* [TASK DETAILS]
Images excluded, return every record exactly as it reads.

Saved data entries:

━━━━

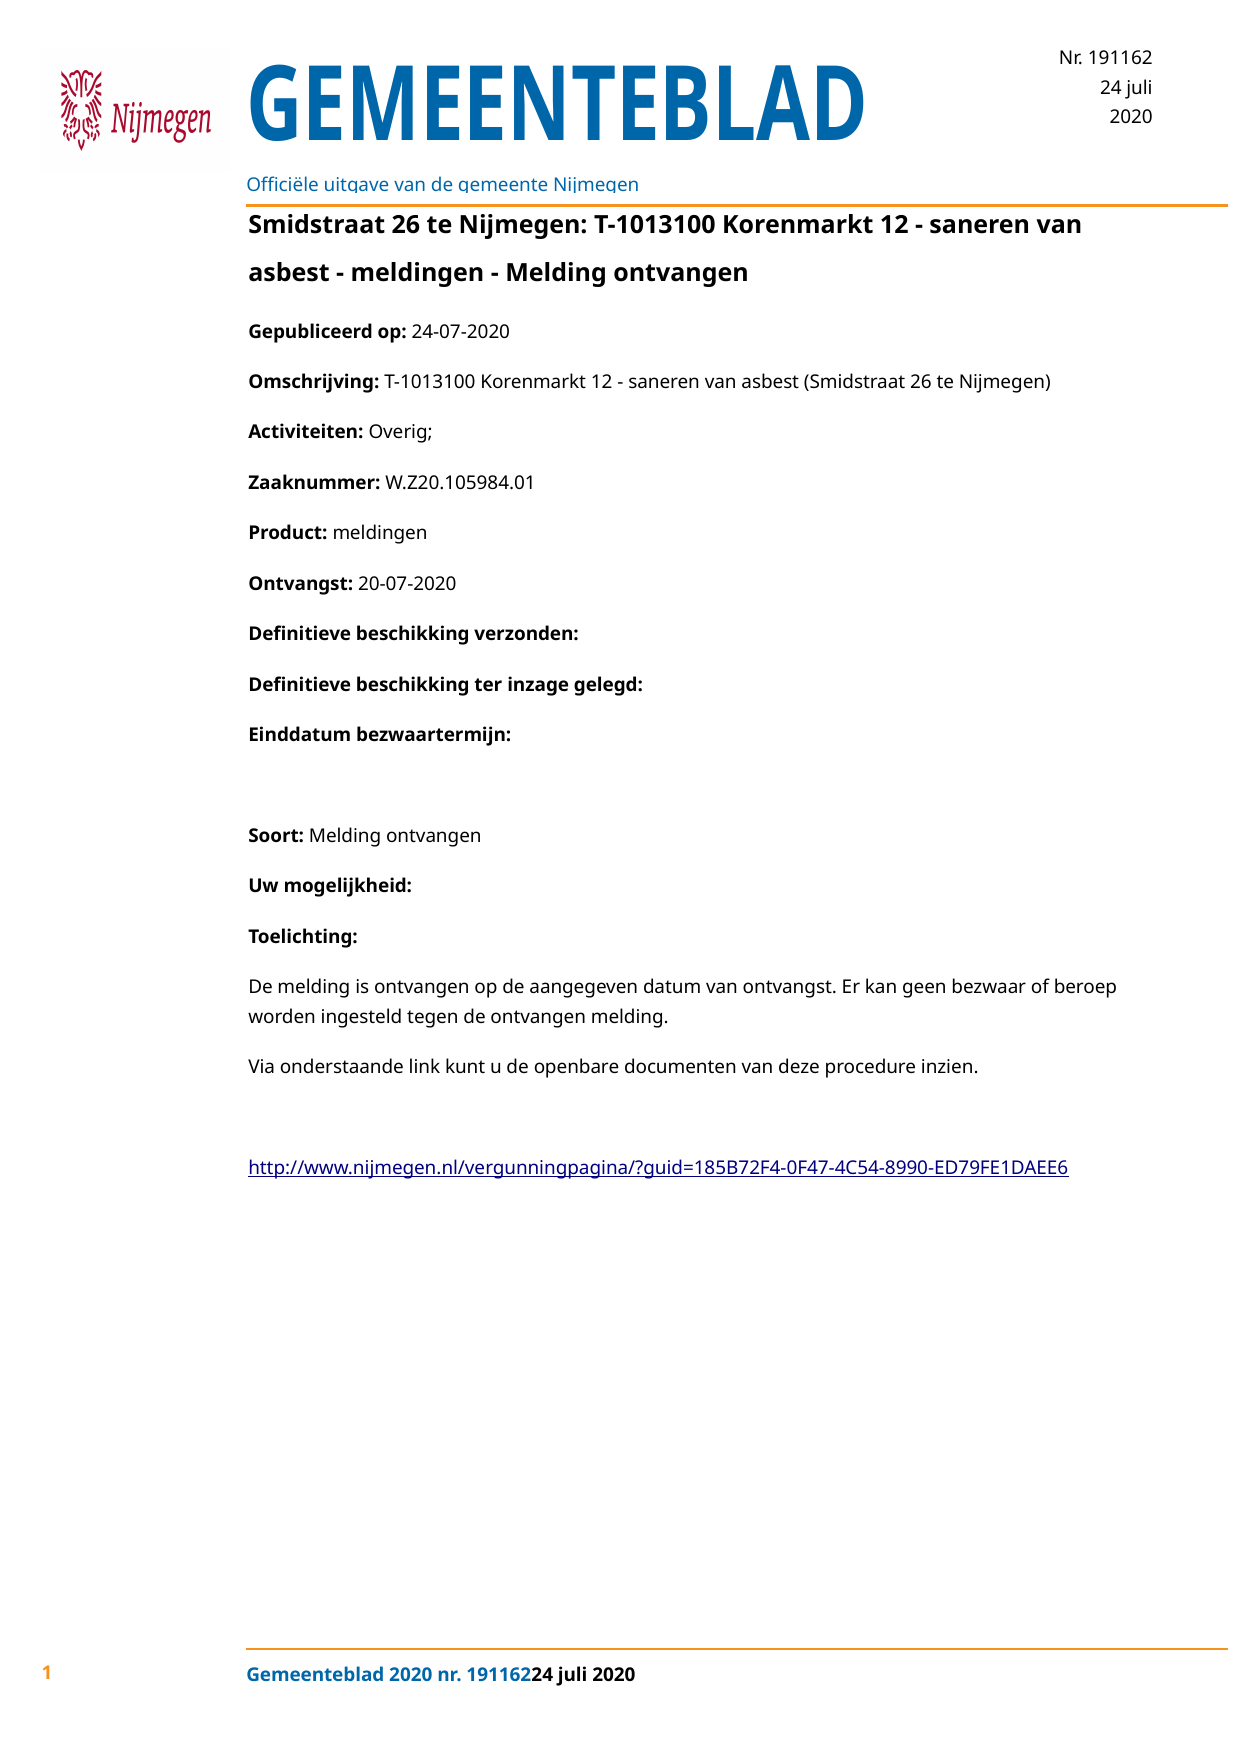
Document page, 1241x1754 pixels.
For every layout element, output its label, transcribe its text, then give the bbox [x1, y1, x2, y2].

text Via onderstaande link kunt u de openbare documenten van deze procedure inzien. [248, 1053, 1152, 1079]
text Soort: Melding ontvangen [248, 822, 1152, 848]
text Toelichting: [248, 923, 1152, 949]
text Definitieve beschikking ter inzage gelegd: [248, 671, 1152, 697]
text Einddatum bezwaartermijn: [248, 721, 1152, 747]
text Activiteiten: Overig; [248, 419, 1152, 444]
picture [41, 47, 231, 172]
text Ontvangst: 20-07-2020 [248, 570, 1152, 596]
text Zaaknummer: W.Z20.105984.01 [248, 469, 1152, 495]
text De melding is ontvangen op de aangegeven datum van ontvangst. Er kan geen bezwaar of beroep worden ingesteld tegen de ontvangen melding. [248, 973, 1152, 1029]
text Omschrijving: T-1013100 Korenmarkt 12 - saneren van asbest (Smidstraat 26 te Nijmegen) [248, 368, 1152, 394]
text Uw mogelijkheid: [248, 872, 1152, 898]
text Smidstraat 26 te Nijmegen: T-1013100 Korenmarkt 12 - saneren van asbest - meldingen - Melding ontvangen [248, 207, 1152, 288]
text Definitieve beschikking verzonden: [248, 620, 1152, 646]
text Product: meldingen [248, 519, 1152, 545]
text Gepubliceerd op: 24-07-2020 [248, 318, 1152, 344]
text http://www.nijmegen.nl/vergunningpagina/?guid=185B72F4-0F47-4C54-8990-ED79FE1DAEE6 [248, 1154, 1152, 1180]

━━━━

* [RESPONSE BOX]
Document page, 1241x1754 pixels.
For every layout element, output its label, transcribe its text, then give the bbox [x1, y1, x2, y2].

text Via onderstaande link kunt u de openbare documenten van deze procedure inzien. [248, 1053, 1152, 1079]
text Soort: Melding ontvangen [248, 822, 1152, 848]
text Toelichting: [248, 923, 1152, 949]
text Definitieve beschikking ter inzage gelegd: [248, 671, 1152, 697]
text Einddatum bezwaartermijn: [248, 721, 1152, 747]
text Activiteiten: Overig; [248, 419, 1152, 444]
picture [41, 47, 231, 172]
text Ontvangst: 20-07-2020 [248, 570, 1152, 596]
text Zaaknummer: W.Z20.105984.01 [248, 469, 1152, 495]
text De melding is ontvangen op de aangegeven datum van ontvangst. Er kan geen bezwaar of beroep worden ingesteld tegen de ontvangen melding. [248, 973, 1152, 1029]
text Omschrijving: T-1013100 Korenmarkt 12 - saneren van asbest (Smidstraat 26 te Nijmegen) [248, 368, 1152, 394]
text Uw mogelijkheid: [248, 872, 1152, 898]
text Smidstraat 26 te Nijmegen: T-1013100 Korenmarkt 12 - saneren van asbest - meldingen - Melding ontvangen [248, 207, 1152, 288]
text Definitieve beschikking verzonden: [248, 620, 1152, 646]
text Product: meldingen [248, 519, 1152, 545]
text Gepubliceerd op: 24-07-2020 [248, 318, 1152, 344]
text http://www.nijmegen.nl/vergunningpagina/?guid=185B72F4-0F47-4C54-8990-ED79FE1DAEE6 [248, 1154, 1152, 1180]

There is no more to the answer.